The increasing demand for on-device training of deep neural networks (DNNs) aims to leverage personal data for high-performance applications while addressing privacy concerns and reducing communication latency. However, resource-constrained platforms face significant challenges due to the intensive computational and memory demands of DNN training. Tensor decomposition emerges as a promising approach to compress model size without sacrificing accuracy. Nevertheless, training tensorized neural networks (TNNs) incurs non-trivial overhead and severe performance degradation on conventional accelerators due to complex tensor shaping requirements. To address these challenges, we propose FETTA, an algorithm and hardware co-optimization framework for efficient TNN training. On the algorithm side, we develop a contraction sequence search engine (CSSE) to identify the optimal contraction sequence with the minimal computational overhead. On the hardware side, FETTA features a flexible and efficient architecture equipped with a reconfigurable contraction engine (CE) array to support diverse dataflows. Furthermore, butterfly-based distribution and reduction networks are implemented to perform flexible tensor shaping operations during computation. Evaluation results demonstrate that FETTA achieves reductions of 20.5x/100.9x, 567.5x/45.03x, and 11609.7x/4544.8x in terms of processing latency, energy, and energy-delay product (EDP) over GPU and TPU, respectively. Moreover, working on the tensorized training, FETTA outperforms prior accelerators with a speedup of 3.87~14.63x, and an energy efficiency improvement of 1.41~2.73x on average.

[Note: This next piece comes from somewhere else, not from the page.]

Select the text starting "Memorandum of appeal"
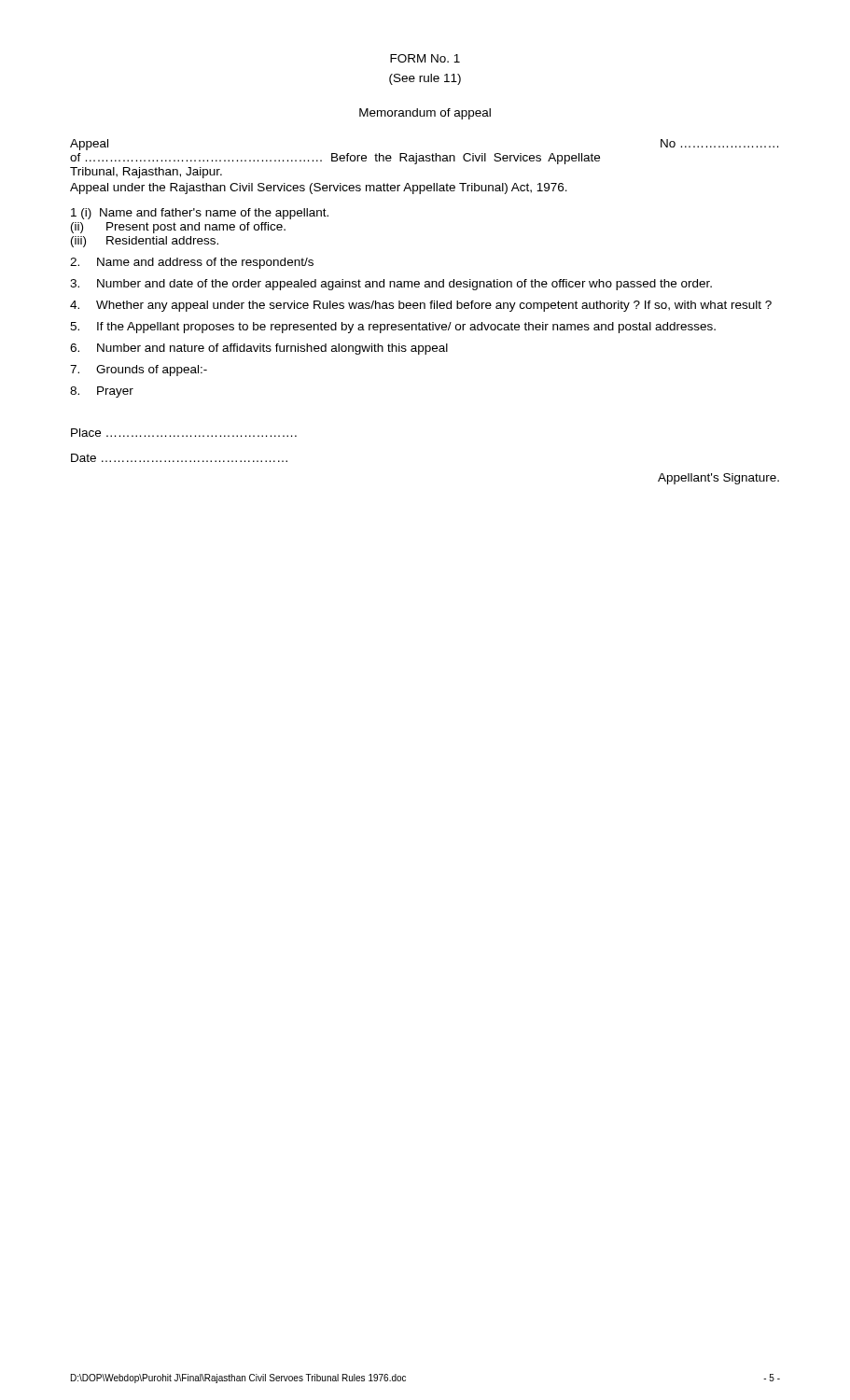Screen dimensions: 1400x850 [425, 112]

翻译：随着深度神经网络（DNN）设备端训练需求的日益增长，旨在利用个人数据实现高性能应用，同时解决隐私问题并降低通信延迟。然而，资源受限平台因DNN训练对计算和内存的密集需求而面临重大挑战。张量分解作为在不牺牲准确率的前提下压缩模型尺寸的有效手段应运而生。然而，张量化神经网络（TNN）训练因复杂的张量重塑需求，在传统加速器上会产生显著开销和严重性能下降。针对这些挑战，我们提出FETTA——一种算法与硬件协同优化框架，用于实现高效的TNN训练。在算法层面，我们开发了收缩序列搜索引擎（CSSE），用于识别计算开销最小的最优收缩序列。在硬件层面，FETTA采用灵活高效的架构，配备可配置收缩引擎（CE）阵列以支持多种数据流。此外，基于蝶形结构的分配与归约网络被实现，用于在计算过程中执行灵活的张量重塑操作。评估结果表明，与GPU和TPU相比，FETTA在处理延迟、能耗和能耗延迟积（EDP）上分别实现了20.5倍/100.9倍、567.5倍/45.03倍和11609.7倍/4544.8倍的降低。此外，在张量化训练任务中，FETTA相较于先前的加速器实现了3.87~14.63倍的加速比，以及平均1.41~2.73倍的能效提升。